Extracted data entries
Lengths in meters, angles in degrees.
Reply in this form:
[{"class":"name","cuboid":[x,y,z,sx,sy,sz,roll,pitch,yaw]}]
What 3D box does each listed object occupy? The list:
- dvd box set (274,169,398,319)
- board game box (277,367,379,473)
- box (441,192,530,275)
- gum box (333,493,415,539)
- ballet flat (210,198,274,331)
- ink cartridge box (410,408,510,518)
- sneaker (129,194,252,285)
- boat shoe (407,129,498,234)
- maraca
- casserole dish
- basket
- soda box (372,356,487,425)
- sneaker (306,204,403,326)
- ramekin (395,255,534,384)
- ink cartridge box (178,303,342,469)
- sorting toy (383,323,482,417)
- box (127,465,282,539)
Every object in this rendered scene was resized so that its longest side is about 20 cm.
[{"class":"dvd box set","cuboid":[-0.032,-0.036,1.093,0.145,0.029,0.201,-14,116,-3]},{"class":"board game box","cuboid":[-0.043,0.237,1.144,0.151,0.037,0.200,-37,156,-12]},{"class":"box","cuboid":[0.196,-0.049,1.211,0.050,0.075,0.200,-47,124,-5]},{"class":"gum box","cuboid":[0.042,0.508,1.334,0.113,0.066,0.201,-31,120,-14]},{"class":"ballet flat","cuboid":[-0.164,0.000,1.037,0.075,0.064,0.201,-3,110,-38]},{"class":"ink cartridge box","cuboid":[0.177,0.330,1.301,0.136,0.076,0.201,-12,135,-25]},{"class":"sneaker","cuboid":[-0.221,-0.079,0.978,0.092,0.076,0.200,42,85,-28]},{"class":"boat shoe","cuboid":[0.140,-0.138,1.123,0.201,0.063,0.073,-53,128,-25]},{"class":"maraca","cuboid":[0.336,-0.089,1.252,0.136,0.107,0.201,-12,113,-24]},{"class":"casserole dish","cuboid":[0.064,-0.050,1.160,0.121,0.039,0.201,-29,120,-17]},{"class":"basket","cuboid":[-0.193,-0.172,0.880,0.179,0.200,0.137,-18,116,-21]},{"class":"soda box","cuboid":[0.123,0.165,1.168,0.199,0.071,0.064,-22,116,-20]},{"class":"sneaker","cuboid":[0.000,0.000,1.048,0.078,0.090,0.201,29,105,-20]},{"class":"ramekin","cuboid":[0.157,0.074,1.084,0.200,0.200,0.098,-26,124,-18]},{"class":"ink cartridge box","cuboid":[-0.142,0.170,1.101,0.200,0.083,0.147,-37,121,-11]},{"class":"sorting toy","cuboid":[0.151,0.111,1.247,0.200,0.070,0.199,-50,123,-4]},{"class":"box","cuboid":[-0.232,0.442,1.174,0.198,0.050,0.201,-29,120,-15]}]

Exercise aim
Retyping every line above exactly is all that is needed.

Written solution
Lengths in meters, angles in degrees.
Reply in this form:
[{"class":"name","cuboid":[x,y,z,sx,sy,sz,roll,pitch,yaw]}]
What 3D box does each listed object occupy? The list:
- dvd box set (274,169,398,319)
- board game box (277,367,379,473)
- box (441,192,530,275)
- gum box (333,493,415,539)
- ballet flat (210,198,274,331)
- ink cartridge box (410,408,510,518)
- sneaker (129,194,252,285)
- boat shoe (407,129,498,234)
- maraca
- casserole dish
- basket
- soda box (372,356,487,425)
- sneaker (306,204,403,326)
- ramekin (395,255,534,384)
- ink cartridge box (178,303,342,469)
- sorting toy (383,323,482,417)
- box (127,465,282,539)
Every object in this rendered scene was resized so that its longest side is about 20 cm.
[{"class":"dvd box set","cuboid":[-0.032,-0.036,1.093,0.145,0.029,0.201,-14,116,-3]},{"class":"board game box","cuboid":[-0.043,0.237,1.144,0.151,0.037,0.200,-37,156,-12]},{"class":"box","cuboid":[0.196,-0.049,1.211,0.050,0.075,0.200,-47,124,-5]},{"class":"gum box","cuboid":[0.042,0.508,1.334,0.113,0.066,0.201,-31,120,-14]},{"class":"ballet flat","cuboid":[-0.164,0.000,1.037,0.075,0.064,0.201,-3,110,-38]},{"class":"ink cartridge box","cuboid":[0.177,0.330,1.301,0.136,0.076,0.201,-12,135,-25]},{"class":"sneaker","cuboid":[-0.221,-0.079,0.978,0.092,0.076,0.200,42,85,-28]},{"class":"boat shoe","cuboid":[0.140,-0.138,1.123,0.201,0.063,0.073,-53,128,-25]},{"class":"maraca","cuboid":[0.336,-0.089,1.252,0.136,0.107,0.201,-12,113,-24]},{"class":"casserole dish","cuboid":[0.064,-0.050,1.160,0.121,0.039,0.201,-29,120,-17]},{"class":"basket","cuboid":[-0.193,-0.172,0.880,0.179,0.200,0.137,-18,116,-21]},{"class":"soda box","cuboid":[0.123,0.165,1.168,0.199,0.071,0.064,-22,116,-20]},{"class":"sneaker","cuboid":[0.000,0.000,1.048,0.078,0.090,0.201,29,105,-20]},{"class":"ramekin","cuboid":[0.157,0.074,1.084,0.200,0.200,0.098,-26,124,-18]},{"class":"ink cartridge box","cuboid":[-0.142,0.170,1.101,0.200,0.083,0.147,-37,121,-11]},{"class":"sorting toy","cuboid":[0.151,0.111,1.247,0.200,0.070,0.199,-50,123,-4]},{"class":"box","cuboid":[-0.232,0.442,1.174,0.198,0.050,0.201,-29,120,-15]}]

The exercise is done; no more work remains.